Even if there is evidence for the existence of such cases, which would be in line with known paradoxical or rebound effects of other drug treatments, there seems, however, today no doubt that many more suicides are prevented by antidepressant medication than provoked by it. Even if overtreatment with antidepressants is occurring, it is the undertreatment with regard to depression and the prevention of suicide that is the dominant problem in Europe today.
Finally, suicide is not an isolated phenomenon. It has to be seen as part of a cluster of illness and death, related to stress, helplessness, loss of identity and social insignificance.

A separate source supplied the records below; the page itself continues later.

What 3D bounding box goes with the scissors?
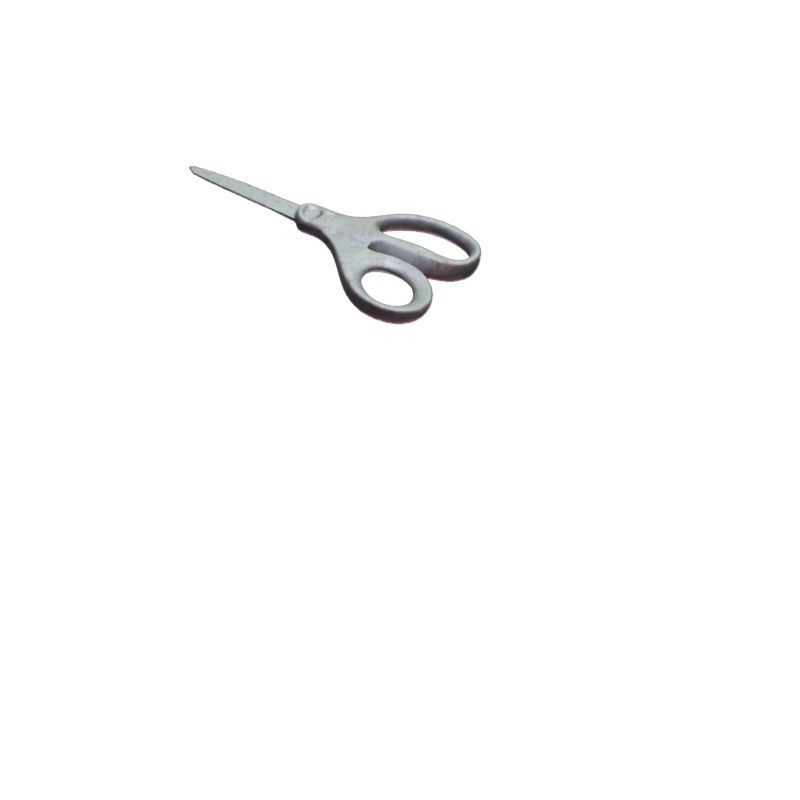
[{"bbox_3d":[-0.053,-0.097,0.680,0.206,0.015,0.101,13,47,12],"label":"scissors"}]
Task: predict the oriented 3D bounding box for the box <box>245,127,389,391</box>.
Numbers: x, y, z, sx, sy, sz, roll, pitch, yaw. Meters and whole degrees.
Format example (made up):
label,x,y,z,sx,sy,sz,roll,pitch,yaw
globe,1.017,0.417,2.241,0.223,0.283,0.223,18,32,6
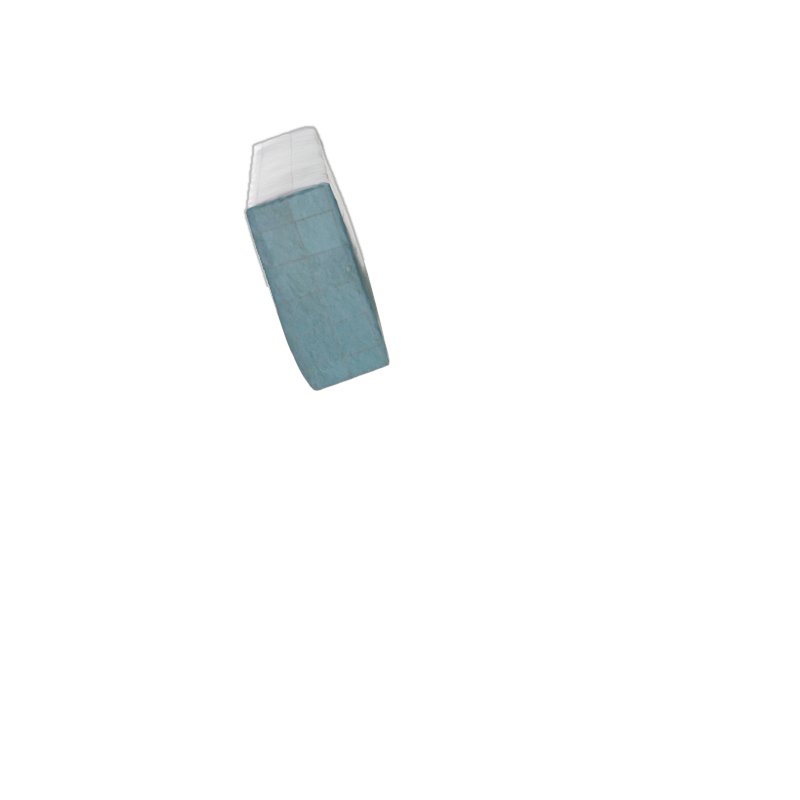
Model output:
label,x,y,z,sx,sy,sz,roll,pitch,yaw
box,-0.045,-0.083,0.576,0.048,0.089,0.184,-17,22,3
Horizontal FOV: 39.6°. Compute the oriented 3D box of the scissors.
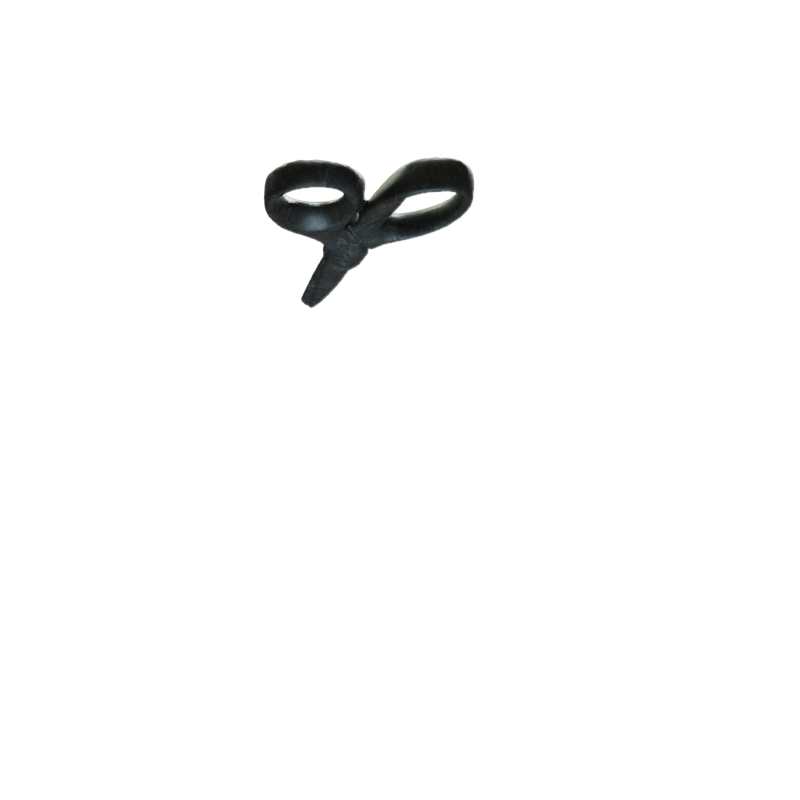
[{"bbox_3d":[-0.041,-0.075,0.524,0.092,0.016,0.202,7,-13,-29],"label":"scissors"}]
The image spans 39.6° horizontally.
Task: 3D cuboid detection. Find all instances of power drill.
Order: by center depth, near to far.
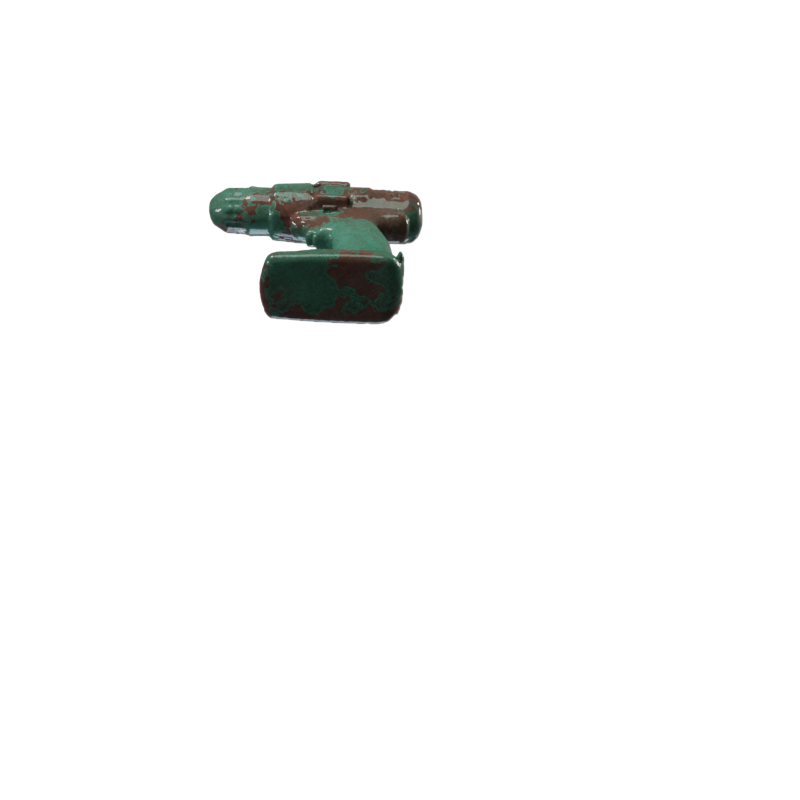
[{"bbox_3d":[-0.070,-0.128,0.895,0.184,0.054,0.198,0,29,-1],"label":"power drill"}]
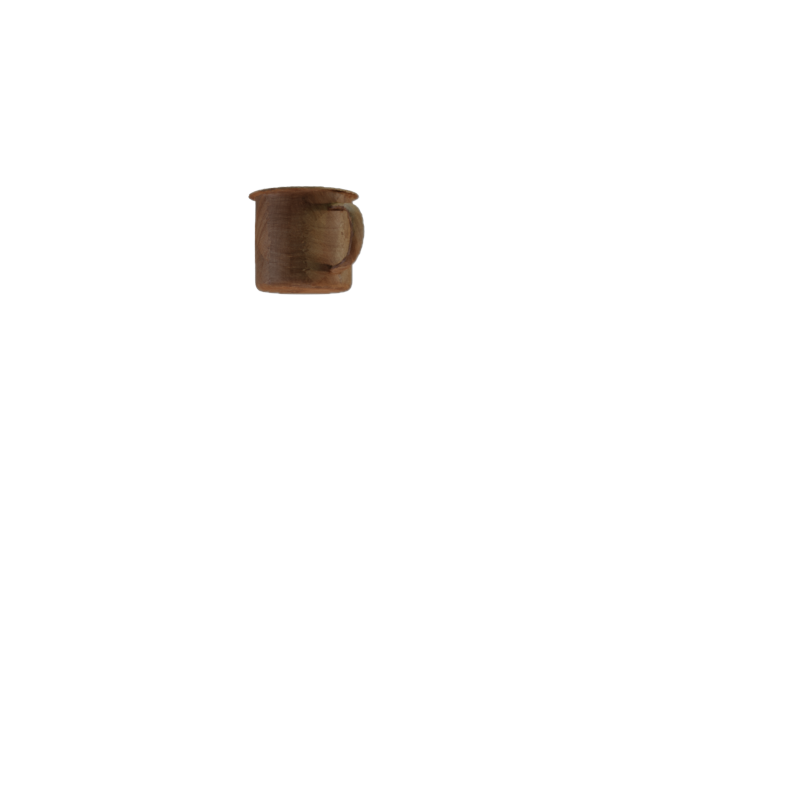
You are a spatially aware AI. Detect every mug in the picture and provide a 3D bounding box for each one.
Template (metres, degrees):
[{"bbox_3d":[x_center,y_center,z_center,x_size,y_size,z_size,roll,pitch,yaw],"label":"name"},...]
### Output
[{"bbox_3d":[-0.072,-0.131,0.918,0.089,0.083,0.121,2,-3,-45],"label":"mug"}]

A cluster linked to the lack of existential cohesion and manifested by a pattern of conditions, not only including depressive reactions, but also addiction and alcoholism, cardiovascular disorders as well as risk taking lifestyles and self-destructive behaviour.
The fight against suicide must be integrated in public health programmes of health promotion and primary prevention, directed against patterns of mortality and excessive morbidity related to stress and mental ill health in a society.
Modern and redefined social psychiatric approaches, utilising recent knowledge about the interaction between nurture and nature, between body and mind, as well as creating integrated, multisectorial public mental health policies, are the most important activities in order to counteract the ever increasing suicidality in Europe, foreseen by the WHO for the years to come.